Member of Legislative Assembly
- In office 2001 – 2016
- Constituency: Thalassery
- In office 1982 – 1991
- Constituency: Thalassery

Secretary of the Communist Party of India (Marxist) Kerala State Committee
- In office 23 February 2015 – 28 August 2022
- Preceded by: Pinarayi Vijayan
- Succeeded by: M. V. Govindan

Member of Politburo of the Communist Party of India (Marxist)
- In office 3 April 2008 – 1 October 2022

Personal details
- Born: 16 November 1953 Thalassery, Kerala, India
- Died: 1 October 2022 (aged 68) Chennai, Tamil Nadu, India
- Party: Communist Party of India (Marxist)
- Spouse: S. R. Vinodini ​(m. 1980)​
- Children: 2
- Parents: Kunjunni Kurup; Narayani Amma;
- Education: Mahatma Gandhi Government Arts College, Mahé; University College, Thiruvananthapuram;

= Kodiyeri Balakrishnan =

Indian politician and newspaper editor (1953–2022)

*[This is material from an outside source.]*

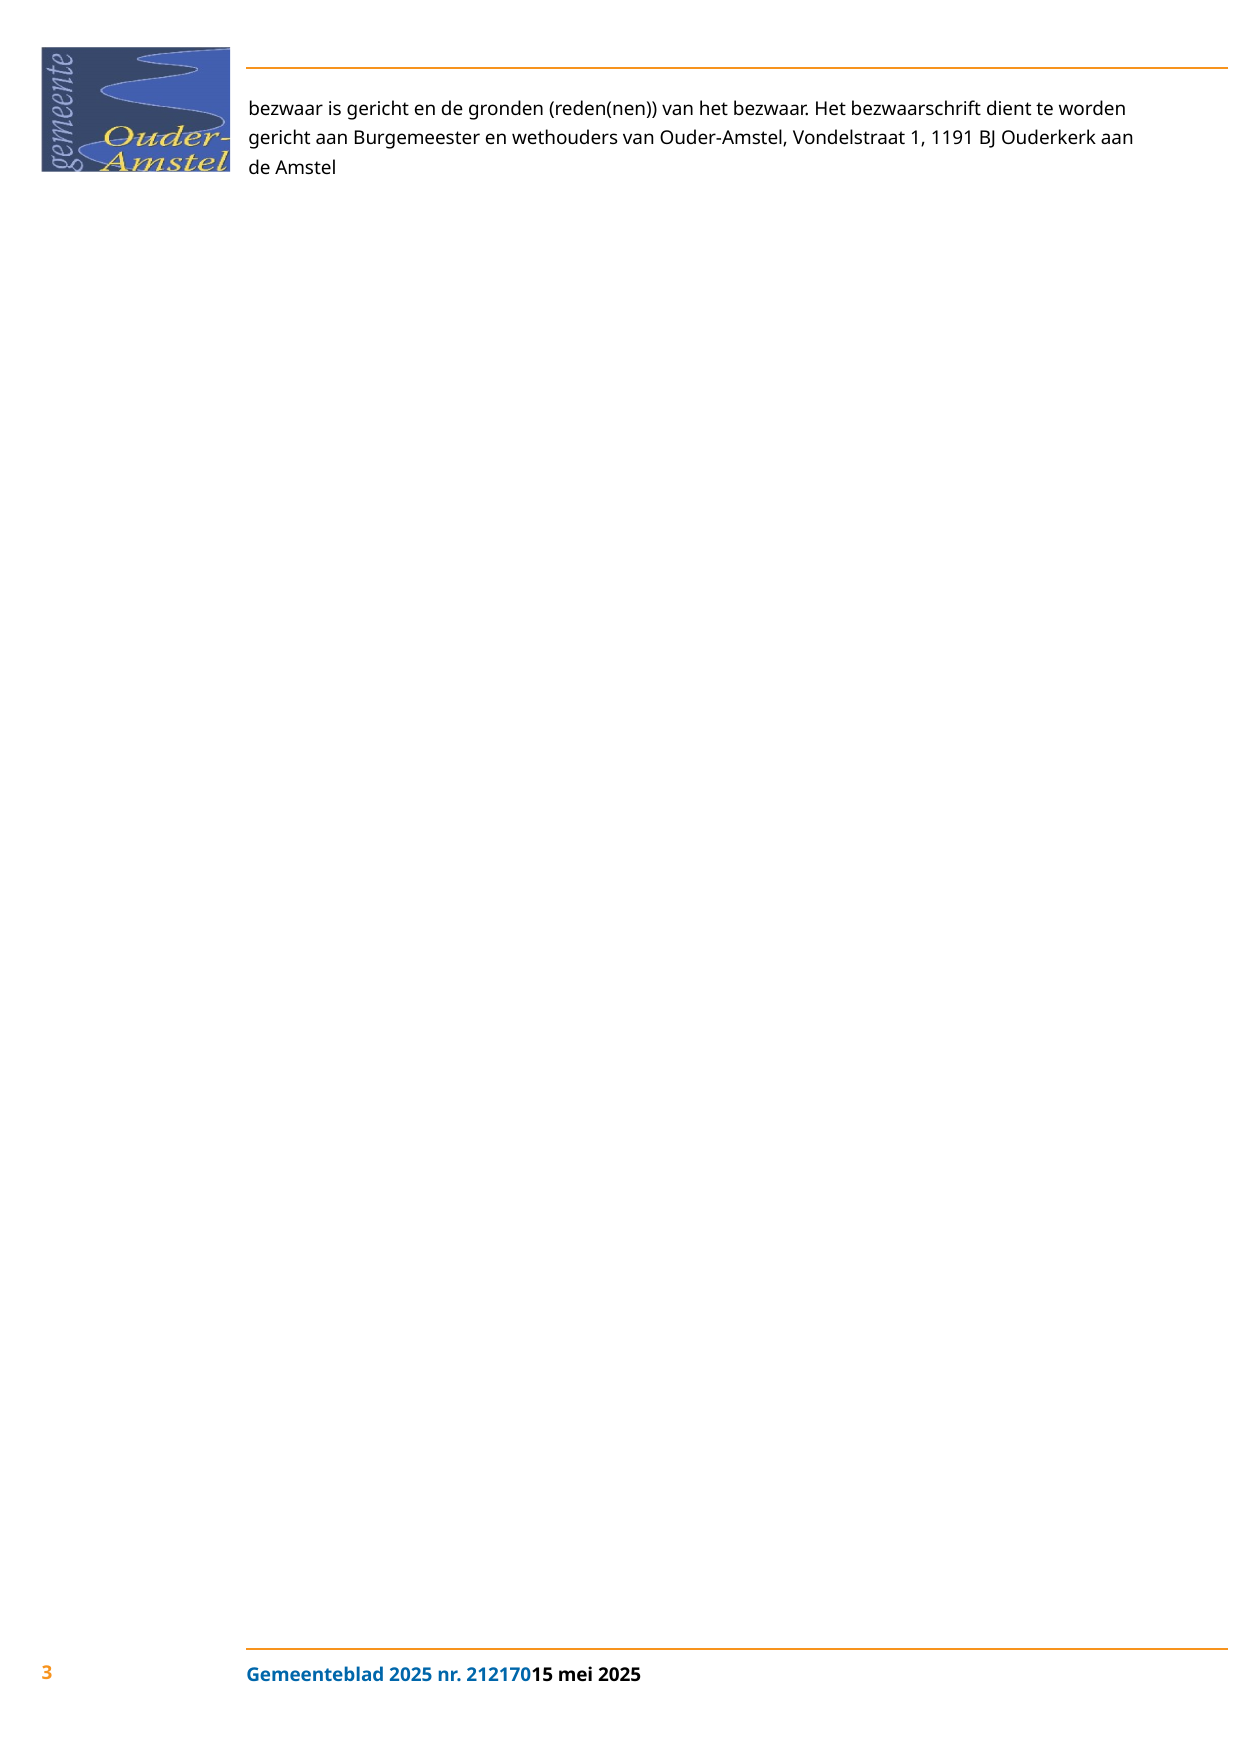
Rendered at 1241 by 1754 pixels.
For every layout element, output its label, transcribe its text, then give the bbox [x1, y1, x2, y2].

Kodiyeri Balakrishnan (16 November 1953 – 1 October 2022) was an Indian politician of the Communist Party of India (Marxist). He was the secretary of the CPI(M) Kerala State Committee from 2015 to 2022. He stepped down from the position of state secretary due to his failing health. He was the chief editor of the Malayalam newspaper Deshabhimani, the organ of the Kerala State Committee of the CPI(M).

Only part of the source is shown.